De regreso, ya en la comisaría, los dos policías compartieron sus impresiones sobre el caso con Jorge Ortiz.
Axel era incapaz de contarle todo lo que iba haciendo y lo que pensaba hacer. No soportaba que le controlasen. Su pericia se fundamentaba en poder hacer «lo que le saliese de los huevos» en todo momento.
Le habló a Ortiz de sus impresiones en la radio y le ocultó sus impresiones en La Moraleja. Le dejó a Loor que eligiese si quería hablarle del chino del hotel. Su compañera narró su visita sin entrar en detalles porque intuía que eso era lo que Axel prefería y quería tenerlo de su lado. Juntos eran más fuertes. Y en cualquier investigación policial, la primera batalla que se libra, antes que contra cualquier criminal y contra uno mismo, es contra los jefes.
Axel adornó sus explicaciones para que pareciesen más de lo que eran y le dejó claro a Ortiz que seguirían cumpliendo con su parte de este quid pro quo que había ideado. Al emplear la segunda expresión en latín en tan poco tiempo fue consciente de que se había abierto una pequeñísima herida en su ego que sangraba a borbotones.
—Por cierto, antes de que os vayáis, ¿hemos localizado el teléfono móvil de Goya? —preguntó Ortiz.
—El móvil desapareció de la escena junto a la ropa del fallecido. Ya no va a aparecer. Nada de lo que falta va a aparecer, apostaría a que ni siquiera aparece su pene.
Axel creía en lo que decía aunque sabía que ese vaticinio arriesgado se le podía volver en contra.
—Puede que tengas razón pero, al menos, ahora tenemos esto. —Ortiz lanzó sobre la mesa un manojo de folios, sin carpeta, grapados en la esquina superior izquierda. Axel y Loor se miraron sin comprender—. He pedido un listado completo de los smartphones que se conectaron esa noche, entre la una y las ocho de la mañana, a la torre de comunicaciones más cercana a la calle San Bernardino, donde apareció el cuerpo. Caballeros, en esas hojas se esconde el número de teléfono del culpable.

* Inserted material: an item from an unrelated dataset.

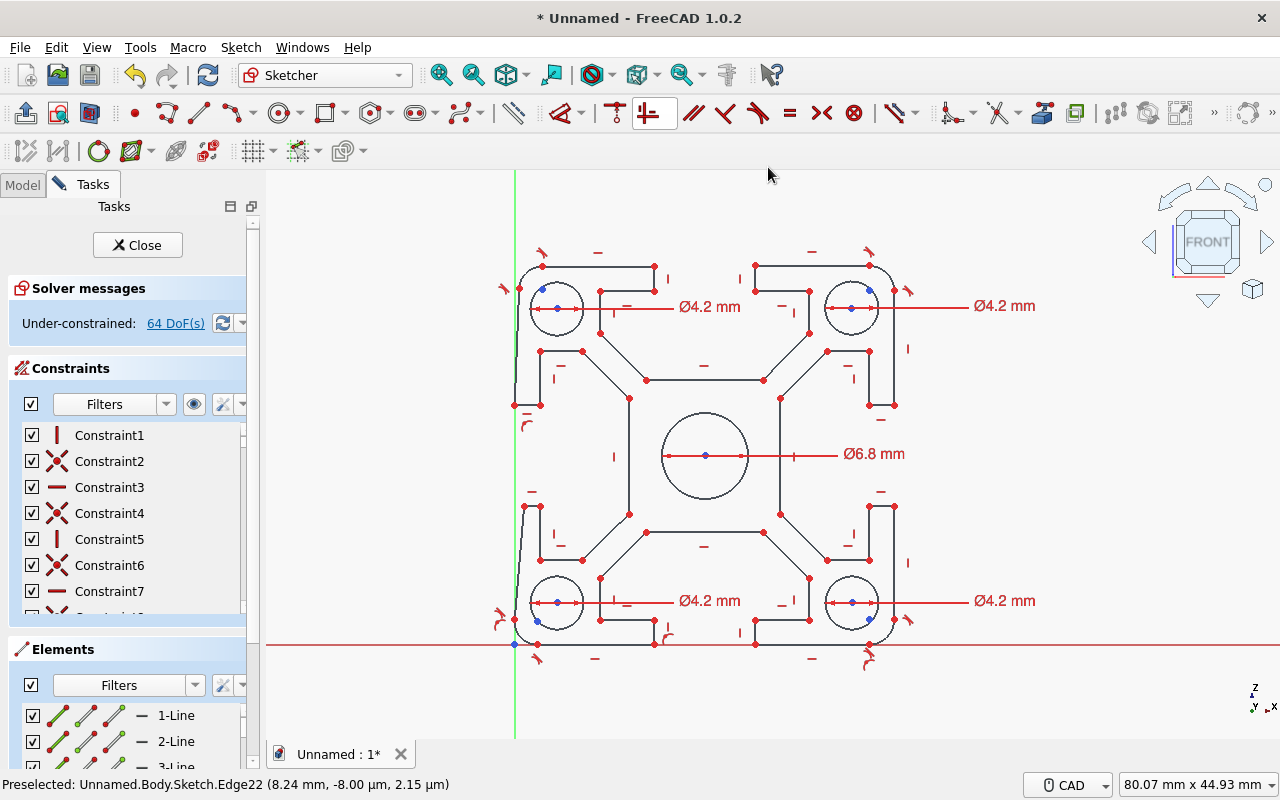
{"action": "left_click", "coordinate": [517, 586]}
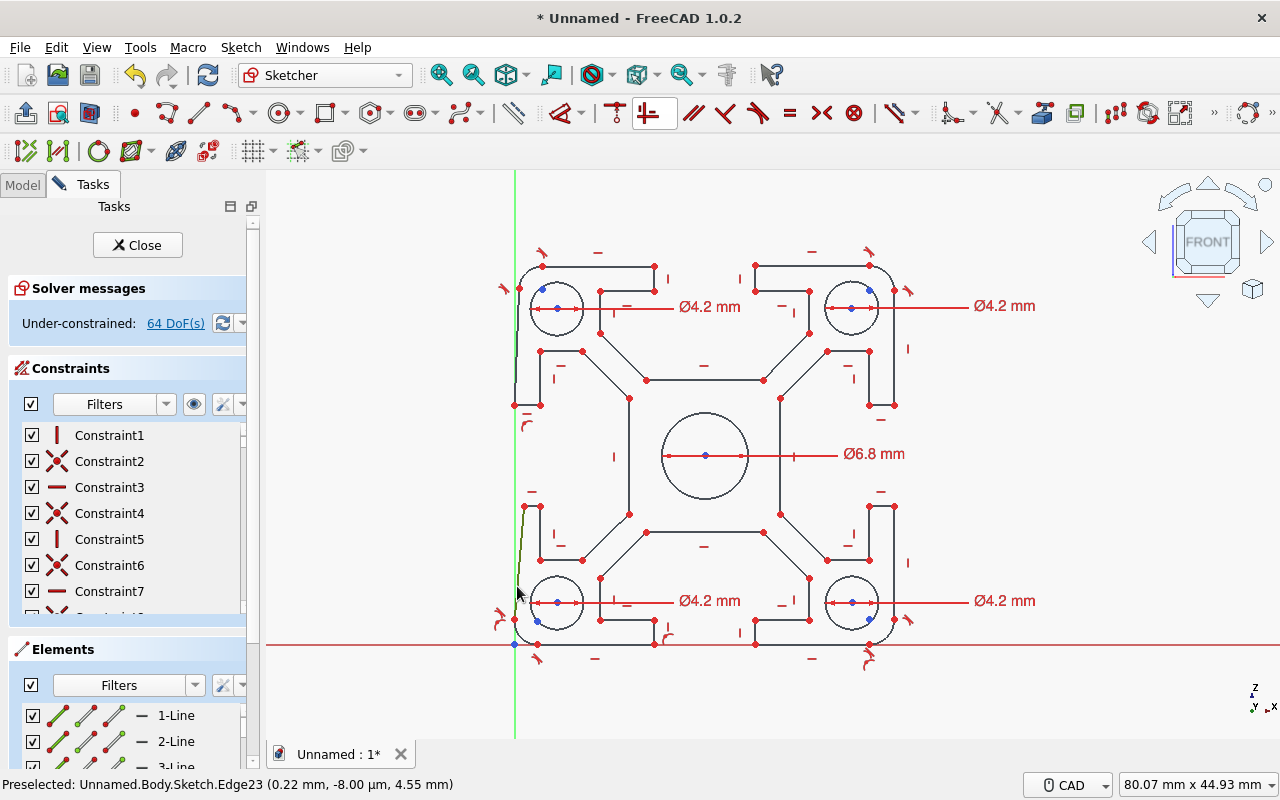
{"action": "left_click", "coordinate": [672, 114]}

—¿Me la puedo quedar? —preguntó Axel.
—Solo si es para atrapar a ese malnacido.
Dios, qué yankee es este tío.
—Descuida, jefe. Conozco a alguien que tal vez pueda echarnos un cable.
Ya en el coche, y tras despedirse de Loor, Axel activó su llamada de emergencia en estos casos. Pensó que igual estaba abusando, pero descartó esa idea en cuanto hizo algo de memoria.
—Chema.
—Buf. Déjate de Chema, eh. Que no eres mi amigo. Para ti sigo siendo Garrido.
—Joder, hay que ver cómo te pones. Está bien, tienes razón, no soy tu amigo pero tú si que vas a ser el mío y, precisamente por eso, vas a hacerme un favor de los grandes.
—Te estás pasando, Axel. Ni siquiera tengo todavía lo que me pediste del Max Morán ese.
—¿Quieres que repasemos juntos lo que ocurrió hace…
—Vale, vale. ¿Qué quieres?
Axel se miró en el espejo retrovisor. Le dieron ganas de guiñarse un ojo.
—Tú tenías un contacto acojonante en Telefónica, ¿verdad?